Even as the author and we, as readers, share the same inescapable conclusion that these kids are not just inflicting real harm on others, but also doing themselves no favours, you still cant shake the feeling that he also found the Weev episode by far the most exciting bit of his research, with the stay at Fortuny's house an honourable second.
The article packs a lot of ambiguity, in which the "other side" of the story clearly involves a grudging admiration for both the skills and intelligence of these unleashed kids and their going-straight-to-hell, nihilist refusal of all social conventions. And while I dont think any of us are fooled by their braggadocio and see the emotional damage involved in their personality as well as their victims, I think it's fairly easy for an angry teenager or one looking for some kind of status he cant get as jock or model to think that these guys, they're really pretty fucking cool.
None of that sits very easily with imagining how it must have felt for that epileptic who got a seizure over these trolls' stroboscope gifs. Or, much worse, for the mother of that kid who killed himself. Just imagining that makes me want to slap those trolls in the face, seriously. So I dunno. Maybe the (anti-)heroes of the story shouldnt have been given quite the central stage place? Maybe they succeeded to tempt the author just a tad too much into their world? Uneasiness.

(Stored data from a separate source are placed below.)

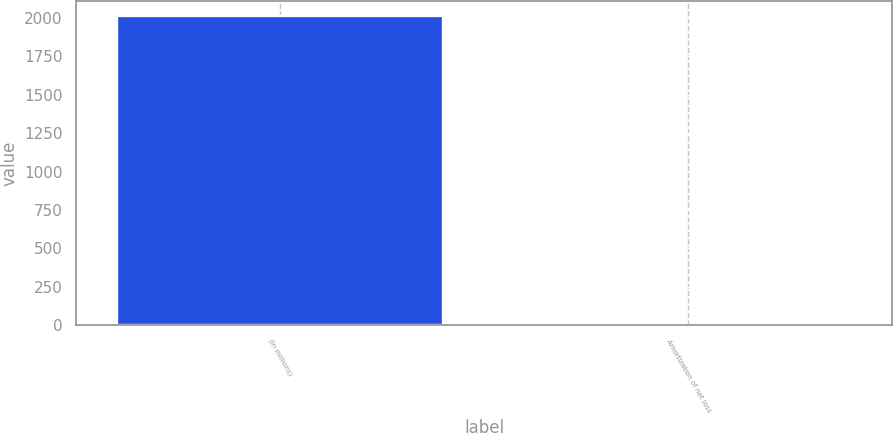<chart> <loc_0><loc_0><loc_500><loc_500><bar_chart><fcel>(in millions)<fcel>Amortization of net loss<nl><fcel>2012<fcel>3<nl></chart> 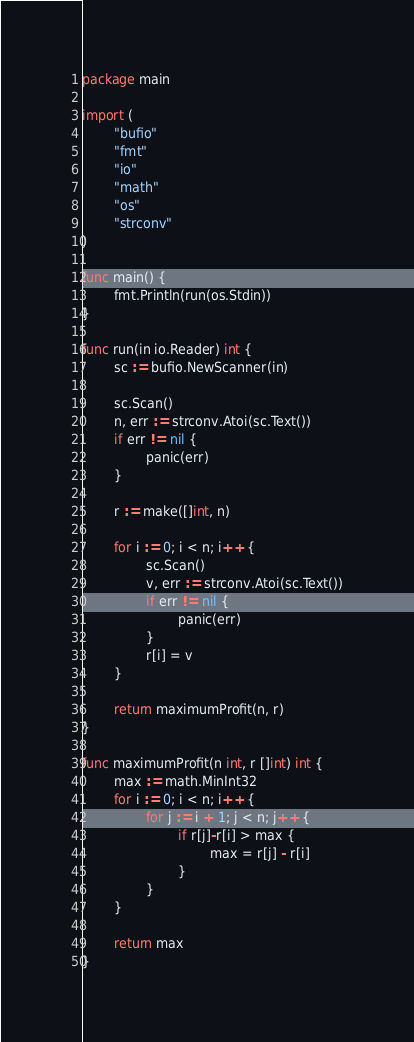Convert code to text. <code><loc_0><loc_0><loc_500><loc_500><_Go_>package main

import (
        "bufio"
        "fmt"
        "io"
        "math"
        "os"
        "strconv"
)

func main() {
        fmt.Println(run(os.Stdin))
}

func run(in io.Reader) int {
        sc := bufio.NewScanner(in)

        sc.Scan()
        n, err := strconv.Atoi(sc.Text())
        if err != nil {
                panic(err)
        }

        r := make([]int, n)

        for i := 0; i < n; i++ {
                sc.Scan()
                v, err := strconv.Atoi(sc.Text())
                if err != nil {
                        panic(err)
                }
                r[i] = v
        }

        return maximumProfit(n, r)
}

func maximumProfit(n int, r []int) int {
        max := math.MinInt32
        for i := 0; i < n; i++ {
                for j := i + 1; j < n; j++ {
                        if r[j]-r[i] > max {
                                max = r[j] - r[i]
                        }
                }
        }

        return max
}

</code> 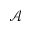<formula> <loc_0><loc_0><loc_500><loc_500>\mathcal { A }</formula> 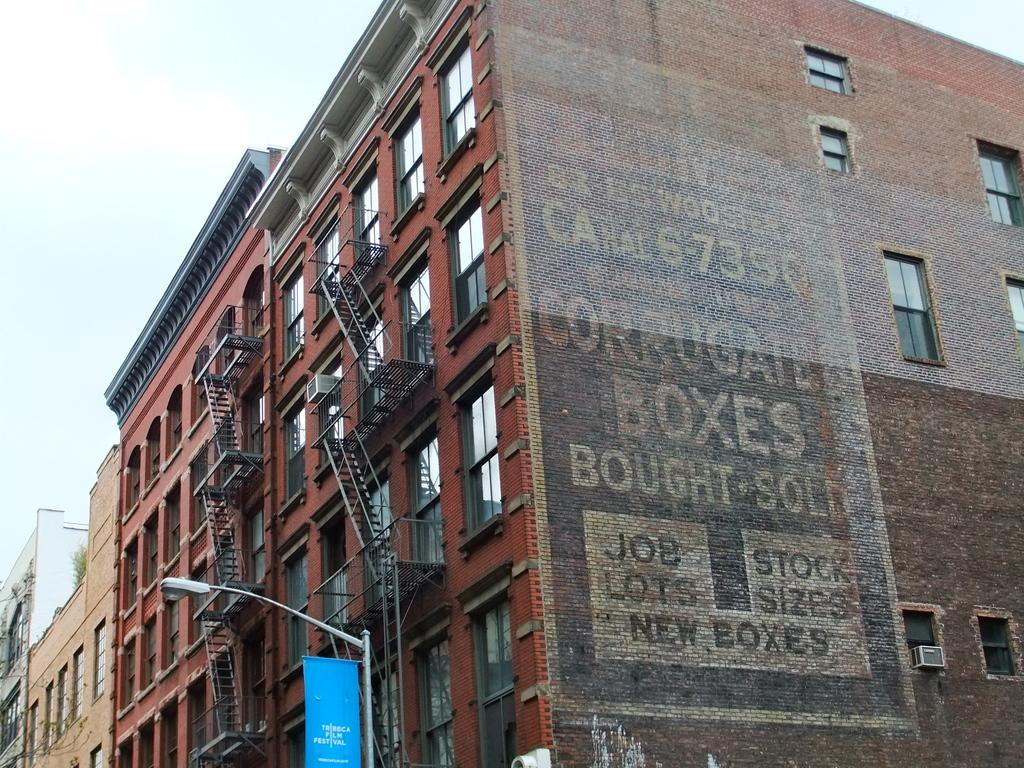What type of structures are present in the image? There are buildings in the image. What features can be seen on the buildings? The buildings have doors and windows. Is there any text visible in the image? Yes, there is text on a wall in the image. What type of lighting is present in the image? There is a street light with a board in the image. What is visible at the top of the image? The sky is visible at the top of the image. What committee is responsible for maintaining the buildings in the image? There is no information about a committee in the image, as it only shows buildings, doors, windows, text on a wall, a street light with a board, and the sky. 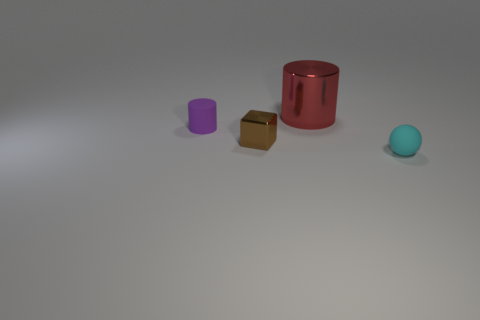Is the color of the small matte thing that is behind the tiny cyan object the same as the metal thing in front of the small purple matte cylinder?
Offer a terse response. No. What shape is the cyan object?
Make the answer very short. Sphere. Are there more red metallic things that are to the left of the small cyan matte ball than tiny yellow shiny cubes?
Provide a succinct answer. Yes. What shape is the tiny rubber object on the right side of the large red object?
Keep it short and to the point. Sphere. How many other things are the same shape as the big red object?
Your answer should be compact. 1. Is the cylinder that is to the left of the big metallic thing made of the same material as the red object?
Offer a terse response. No. Are there an equal number of blocks that are in front of the matte sphere and metallic blocks on the left side of the brown metal object?
Give a very brief answer. Yes. What is the size of the matte thing that is to the left of the cyan ball?
Provide a succinct answer. Small. Are there any large red things that have the same material as the purple cylinder?
Offer a terse response. No. There is a matte thing that is behind the small cyan matte thing; does it have the same color as the large shiny object?
Provide a short and direct response. No.

Posted by: nimh | August 01, 2008 at 09:49 PM
Btw, if you ever, for some reason or other, cant think of Amy Winehouse's name, she's #4 in Google hits for . Courtney Love is #1. :-)
Posted by: nimh | August 01, 2008 at 09:52 PM
"I think it's fairly easy for an angry teenager or one looking for some kind of status he cant get as jock or model to think that these guys, they're really pretty fucking cool."
Point taken, nimh, but I'm guessing that few of those angry teenagers are actually reading the Times Magazine. I read this as a cautionary to parents to keep a closer eye on what their kids are doing or exposed to.
Posted by: Trevor J | August 04, 2008 at 02:26 PM
I dunno, Trevor, these guys are the nerds, not the jocks -- and in a way, see Fortuny, extremely intelligent. They are not your typical teens. I know I read my country's equivalent of the NY Times Magazine; and it's kids who are as nerdy as I was but more psychologically disturbed who'd look up at Fortuny c.s.